Segment Start: Task data

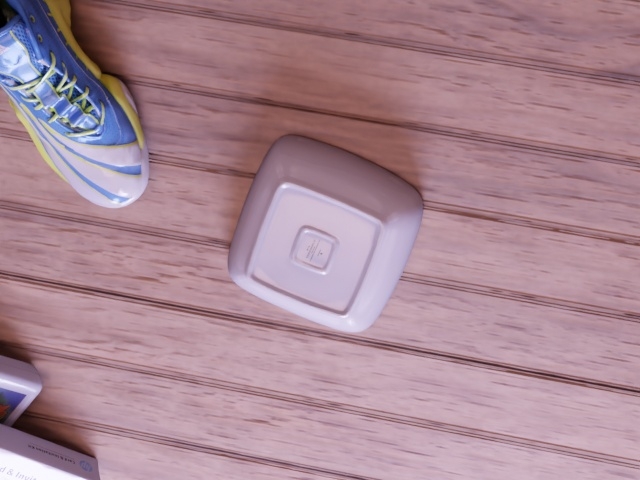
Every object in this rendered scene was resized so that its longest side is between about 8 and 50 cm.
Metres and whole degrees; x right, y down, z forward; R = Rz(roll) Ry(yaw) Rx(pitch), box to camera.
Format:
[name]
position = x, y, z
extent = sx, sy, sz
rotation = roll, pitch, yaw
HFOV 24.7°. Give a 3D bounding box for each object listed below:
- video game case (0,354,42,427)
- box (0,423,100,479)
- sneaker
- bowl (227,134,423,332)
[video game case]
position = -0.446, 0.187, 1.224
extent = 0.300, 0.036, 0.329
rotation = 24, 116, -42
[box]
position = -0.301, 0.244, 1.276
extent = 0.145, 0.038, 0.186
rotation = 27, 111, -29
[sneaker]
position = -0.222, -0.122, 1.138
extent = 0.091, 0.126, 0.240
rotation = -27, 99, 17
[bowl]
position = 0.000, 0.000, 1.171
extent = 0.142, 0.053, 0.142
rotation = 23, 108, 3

Segment End: Task data
Segment Start: Task data

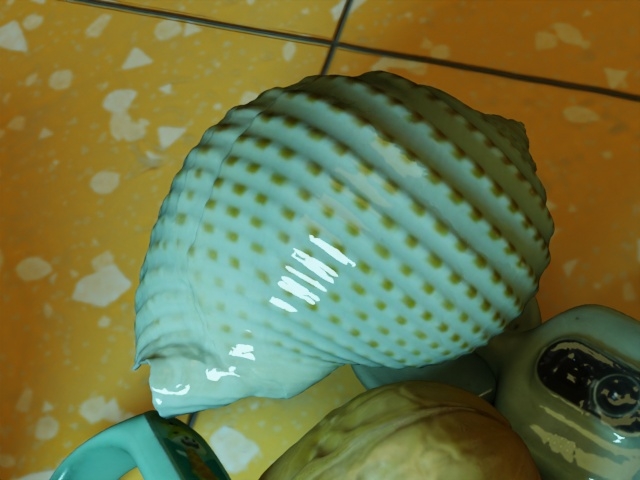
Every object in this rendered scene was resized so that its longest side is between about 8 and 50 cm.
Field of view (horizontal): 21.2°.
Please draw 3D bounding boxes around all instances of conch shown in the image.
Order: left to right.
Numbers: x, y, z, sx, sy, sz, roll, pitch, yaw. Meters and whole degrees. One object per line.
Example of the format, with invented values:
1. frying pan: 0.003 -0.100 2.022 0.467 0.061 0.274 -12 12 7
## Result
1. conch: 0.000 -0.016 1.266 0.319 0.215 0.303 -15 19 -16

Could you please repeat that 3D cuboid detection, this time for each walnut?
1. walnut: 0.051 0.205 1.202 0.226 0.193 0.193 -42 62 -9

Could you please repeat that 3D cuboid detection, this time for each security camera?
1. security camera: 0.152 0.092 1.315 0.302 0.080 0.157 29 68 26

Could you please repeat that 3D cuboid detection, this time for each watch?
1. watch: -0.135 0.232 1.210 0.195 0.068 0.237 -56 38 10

Segment End: Task data

* Instructions for the task
Across the whole listing, show each line where the word "roll" occurs.

* Answer box
Metres and whole degrees; x right, y down, z forward; R = Rz(roll) Ry(yaw) Rx(pitch), box to camera.
rotation = roll, pitch, yaw
Numbers: x, y, z, sx, sy, sz, roll, pitch, yaw. Meters and whole degrees. One object per line.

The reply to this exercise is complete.